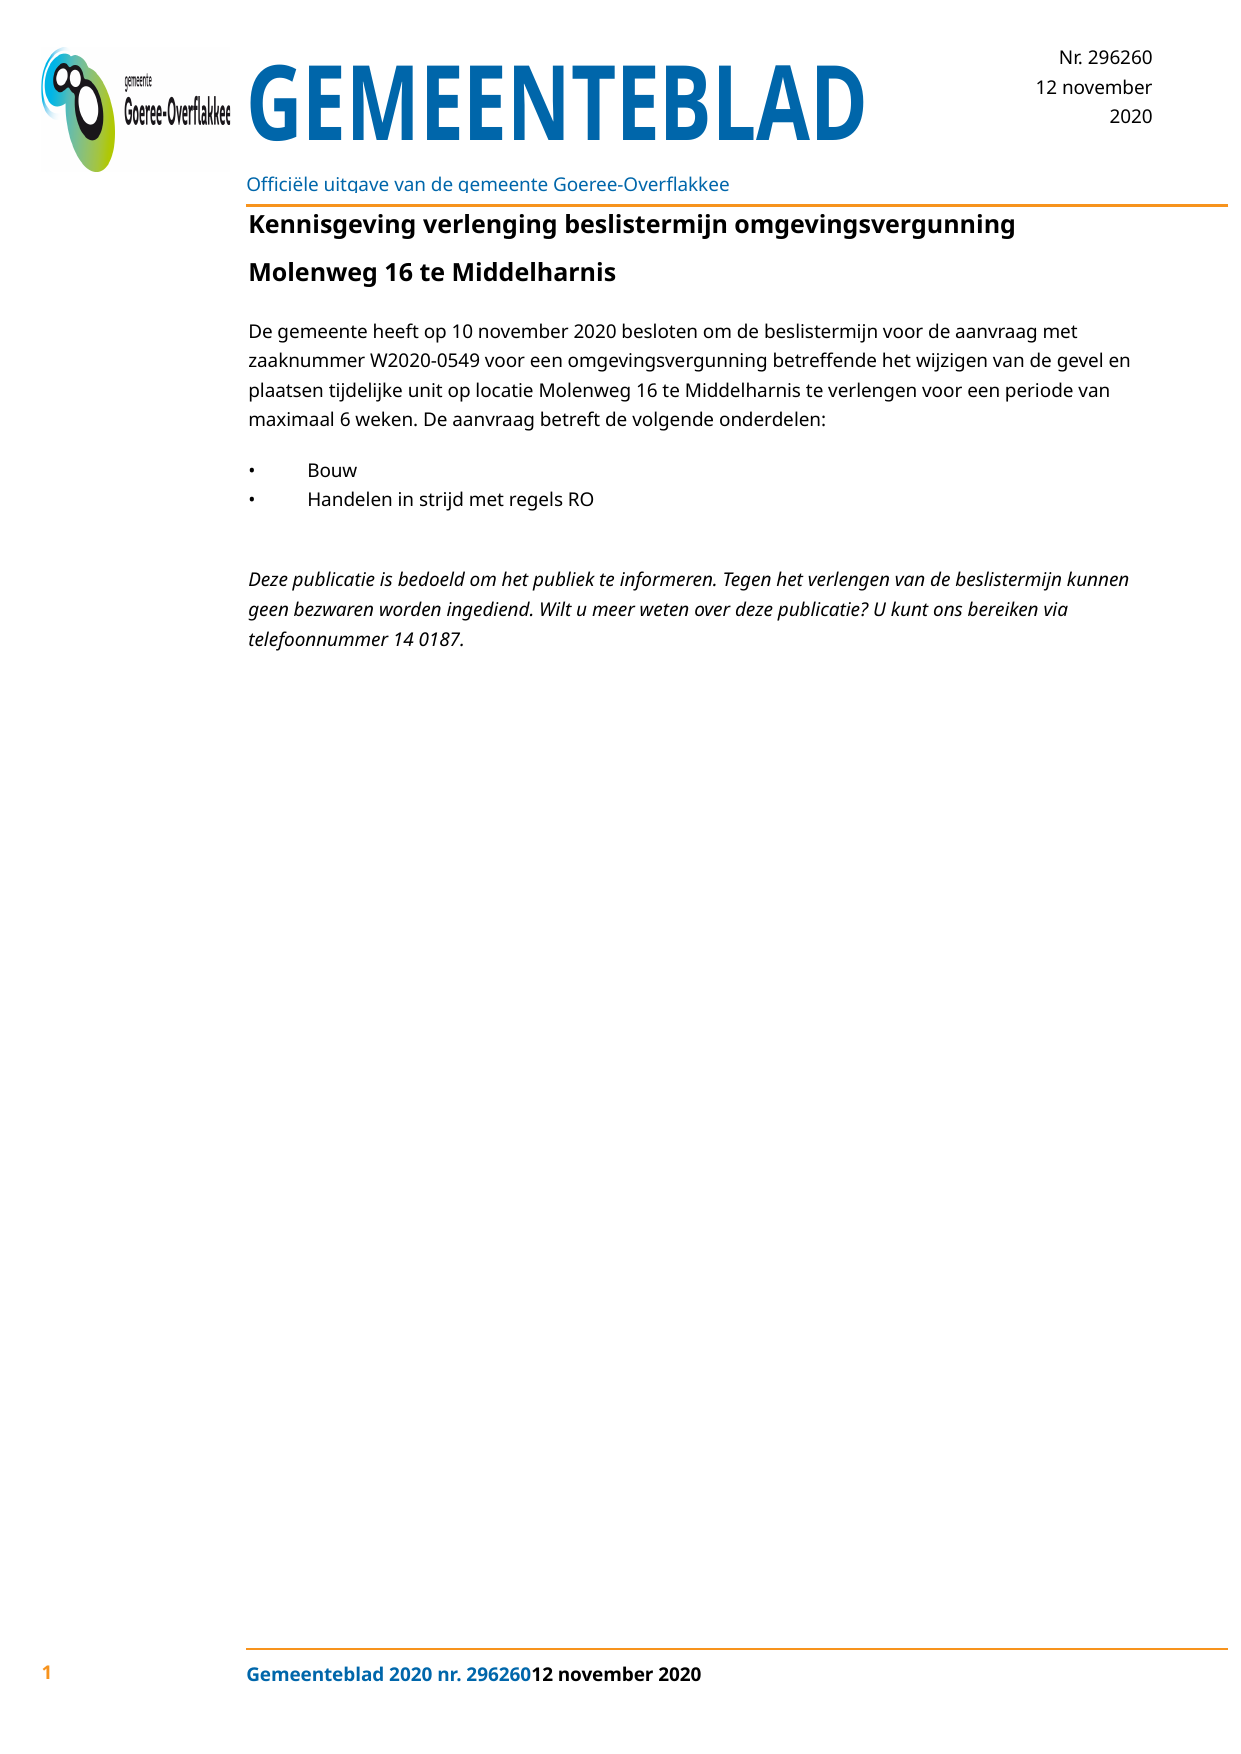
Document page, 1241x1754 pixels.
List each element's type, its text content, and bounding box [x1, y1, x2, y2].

picture [41, 47, 231, 172]
list Bouw [248, 457, 1152, 483]
text Deze publicatie is bedoeld om het publiek te informeren. Tegen het verlengen van de beslistermijn kunnen geen bezwaren worden ingediend. Wilt u meer weten over deze publicatie? U kunt ons bereiken via telefoonnummer 14 0187. [248, 567, 1152, 652]
text Kennisgeving verlenging beslistermijn omgevingsvergunning Molenweg 16 te Middelharnis [248, 207, 1152, 288]
text De gemeente heeft op 10 november 2020 besloten om de beslistermijn voor de aanvraag met zaaknummer W2020-0549 voor een omgevingsvergunning betreffende het wijzigen van de gevel en plaatsen tijdelijke unit op locatie Molenweg 16 te Middelharnis te verlengen voor een periode van maximaal 6 weken. De aanvraag betreft de volgende onderdelen: [248, 318, 1152, 432]
list Handelen in strijd met regels RO [248, 487, 1152, 512]
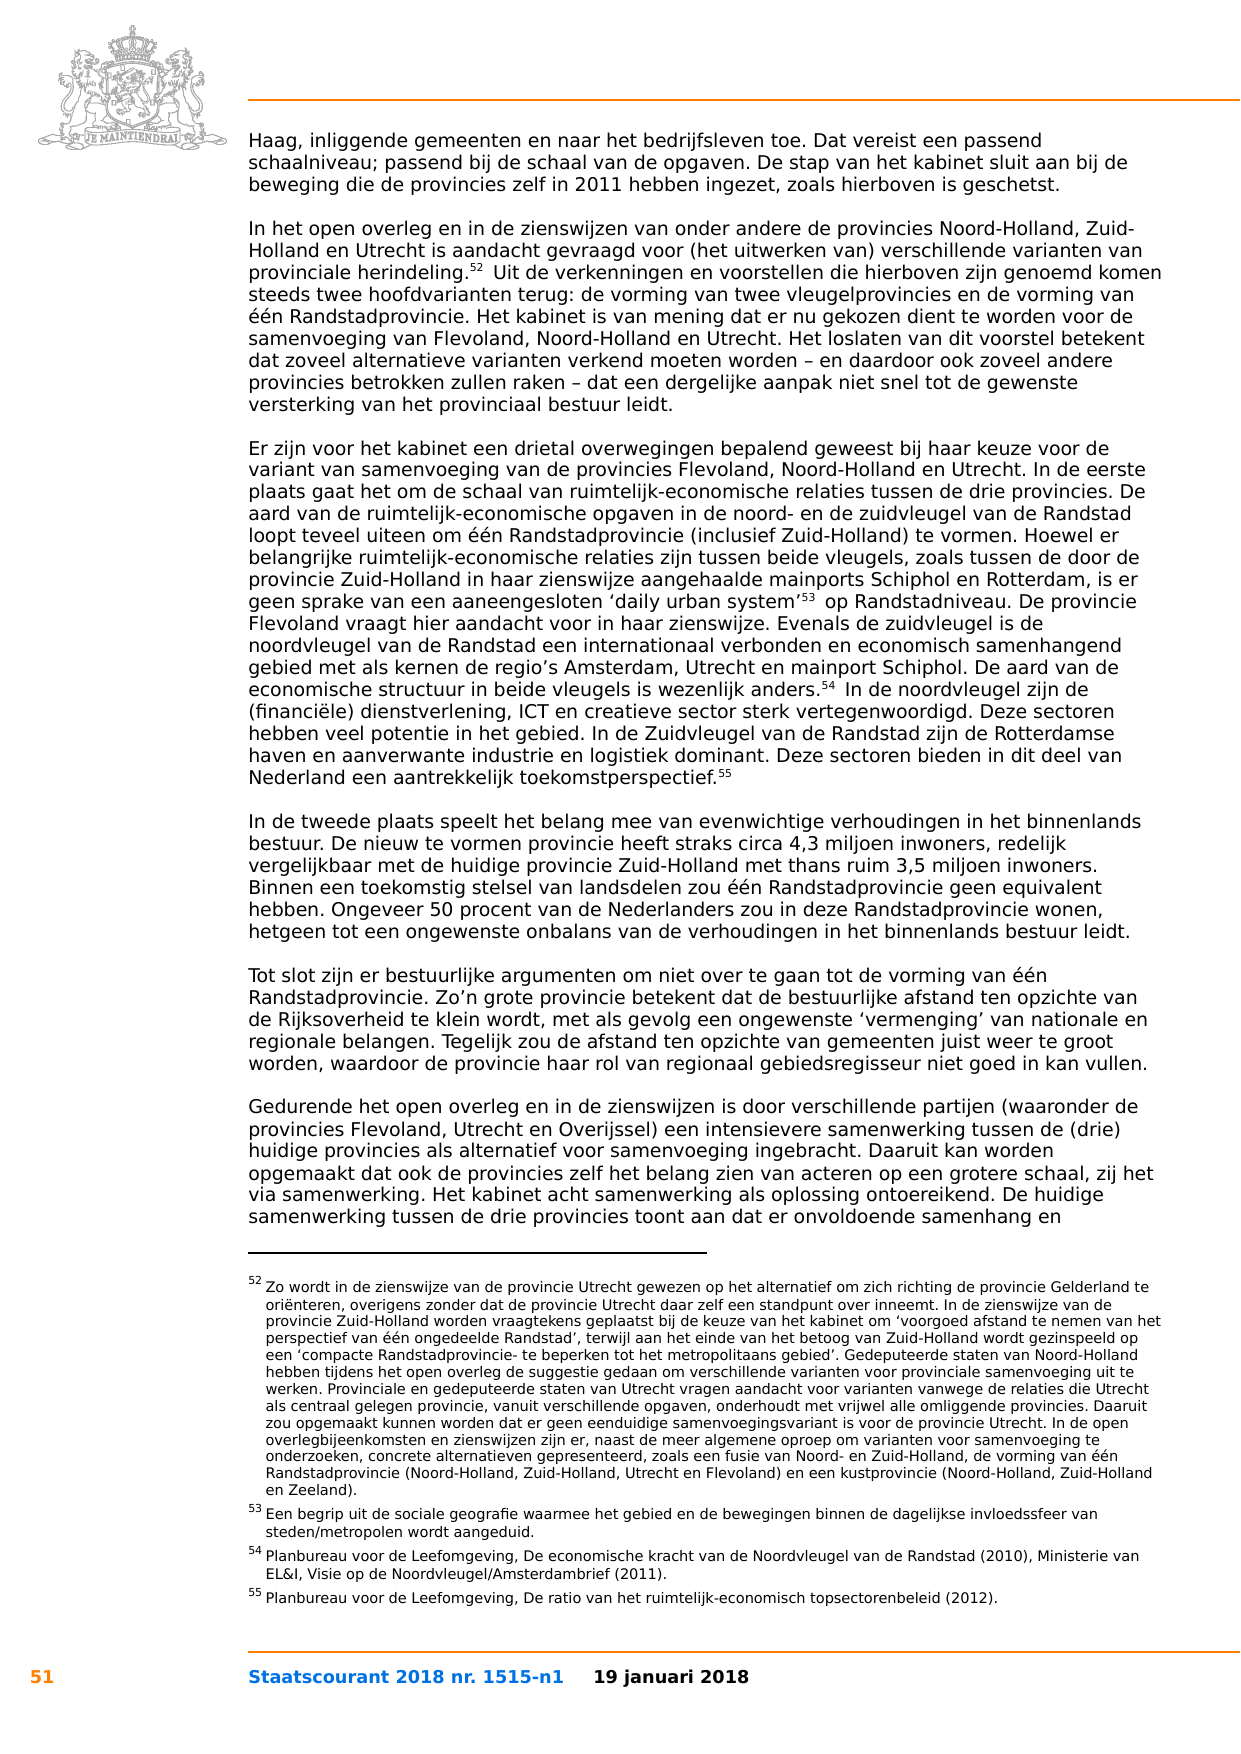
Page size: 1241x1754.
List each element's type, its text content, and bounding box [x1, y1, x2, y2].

picture [38, 25, 227, 150]
text Planbureau voor de Leefomgeving, De economische kracht van de Noordvleugel van de Randstad (2010), Ministerie van EL&I, Visie op de Noordvleugel/Amsterdambrief (2011). [248, 1544, 1163, 1583]
text Planbureau voor de Leefomgeving, De ratio van het ruimtelijk-economisch topsectorenbeleid (2012). [248, 1586, 1163, 1608]
text Tot slot zijn er bestuurlijke argumenten om niet over te gaan tot de vorming van één Randstadprovincie. Zo’n grote provincie betekent dat de bestuurlijke afstand ten opzichte van de Rijksoverheid te klein wordt, met als gevolg een ongewenste ‘vermenging’ van nationale en regionale belangen. Tegelijk zou de afstand ten opzichte van gemeenten juist weer te groot worden, waardoor de provincie haar rol van regionaal gebiedsregisseur niet goed in kan vullen. [248, 965, 1163, 1074]
text Er zijn voor het kabinet een drietal overwegingen bepalend geweest bij haar keuze voor de variant van samenvoeging van de provincies Flevoland, Noord-Holland en Utrecht. In de eerste plaats gaat het om de schaal van ruimtelijk-economische relaties tussen de drie provincies. De aard van de ruimtelijk-economische opgaven in de noord- en de zuidvleugel van de Randstad loopt teveel uiteen om één Randstadprovincie (inclusief Zuid-Holland) te vormen. Hoewel er belangrijke ruimtelijk-economische relaties zijn tussen beide vleugels, zoals tussen de door de provincie Zuid-Holland in haar zienswijze aangehaalde mainports Schiphol en Rotterdam, is er geen sprake van een aaneengesloten ‘daily urban system’ op Randstadniveau. De provincie Flevoland vraagt hier aandacht voor in haar zienswijze. Evenals de zuidvleugel is de noordvleugel van de Randstad een internationaal verbonden en economisch samenhangend gebied met als kernen de regio’s Amsterdam, Utrecht en mainport Schiphol. De aard van de economische structuur in beide vleugels is wezenlijk anders. In de noordvleugel zijn de (financiële) dienstverlening, ICT en creatieve sector sterk vertegenwoordigd. Deze sectoren hebben veel potentie in het gebied. In de Zuidvleugel van de Randstad zijn de Rotterdamse haven en aanverwante industrie en logistiek dominant. Deze sectoren bieden in dit deel van Nederland een aantrekkelijk toekomstperspectief. [248, 437, 1163, 789]
text Gedurende het open overleg en in de zienswijzen is door verschillende partijen (waaronder de provincies Flevoland, Utrecht en Overijssel) een intensievere samenwerking tussen de (drie) huidige provincies als alternatief voor samenvoeging ingebracht. Daaruit kan worden opgemaakt dat ook de provincies zelf het belang zien van acteren op een grotere schaal, zij het via samenwerking. Het kabinet acht samenwerking als oplossing ontoereikend. De huidige samenwerking tussen de drie provincies toont aan dat er onvoldoende samenhang en [248, 1096, 1163, 1228]
text In het open overleg en in de zienswijzen van onder andere de provincies Noord-Holland, Zuid-Holland en Utrecht is aandacht gevraagd voor (het uitwerken van) verschillende varianten van provinciale herindeling. Uit de verkenningen en voorstellen die hierboven zijn genoemd komen steeds twee hoofdvarianten terug: de vorming van twee vleugelprovincies en de vorming van één Randstadprovincie. Het kabinet is van mening dat er nu gekozen dient te worden voor de samenvoeging van Flevoland, Noord-Holland en Utrecht. Het loslaten van dit voorstel betekent dat zoveel alternatieve varianten verkend moeten worden – en daardoor ook zoveel andere provincies betrokken zullen raken – dat een dergelijke aanpak niet snel tot de gewenste versterking van het provinciaal bestuur leidt. [248, 218, 1163, 416]
text Een begrip uit de sociale geografie waarmee het gebied en de bewegingen binnen de dagelijkse invloedssfeer van steden/metropolen wordt aangeduid. [248, 1502, 1163, 1541]
text In de tweede plaats speelt het belang mee van evenwichtige verhoudingen in het binnenlands bestuur. De nieuw te vormen provincie heeft straks circa 4,3 miljoen inwoners, redelijk vergelijkbaar met de huidige provincie Zuid-Holland met thans ruim 3,5 miljoen inwoners. Binnen een toekomstig stelsel van landsdelen zou één Randstadprovincie geen equivalent hebben. Ongeveer 50 procent van de Nederlanders zou in deze Randstadprovincie wonen, hetgeen tot een ongewenste onbalans van de verhoudingen in het binnenlands bestuur leidt. [248, 811, 1163, 943]
text Haag, inliggende gemeenten en naar het bedrijfsleven toe. Dat vereist een passend schaalniveau; passend bij de schaal van de opgaven. De stap van het kabinet sluit aan bij de beweging die de provincies zelf in 2011 hebben ingezet, zoals hierboven is geschetst. [248, 130, 1163, 196]
text Zo wordt in de zienswijze van de provincie Utrecht gewezen op het alternatief om zich richting de provincie Gelderland te oriënteren, overigens zonder dat de provincie Utrecht daar zelf een standpunt over inneemt. In de zienswijze van de provincie Zuid-Holland worden vraagtekens geplaatst bij de keuze van het kabinet om ‘voorgoed afstand te nemen van het perspectief van één ongedeelde Randstad’, terwijl aan het einde van het betoog van Zuid-Holland wordt gezinspeeld op een ‘compacte Randstadprovincie- te beperken tot het metropolitaans gebied’. Gedeputeerde staten van Noord-Holland hebben tijdens het open overleg de suggestie gedaan om verschillende varianten voor provinciale samenvoeging uit te werken. Provinciale en gedeputeerde staten van Utrecht vragen aandacht voor varianten vanwege de relaties die Utrecht als centraal gelegen provincie, vanuit verschillende opgaven, onderhoudt met vrijwel alle omliggende provincies. Daaruit zou opgemaakt kunnen worden dat er geen eenduidige samenvoegingsvariant is voor de provincie Utrecht. In de open overlegbijeenkomsten en zienswijzen zijn er, naast de meer algemene oproep om varianten voor samenvoeging te onderzoeken, concrete alternatieven gepresenteerd, zoals een fusie van Noord- en Zuid-Holland, de vorming van één Randstadprovincie (Noord-Holland, Zuid-Holland, Utrecht en Flevoland) en een kustprovincie (Noord-Holland, Zuid-Holland en Zeeland). [248, 1274, 1163, 1499]

Task objective: How many lines of the listing above contain the string "picture"? Answer with the number alone.

Worked solution: 2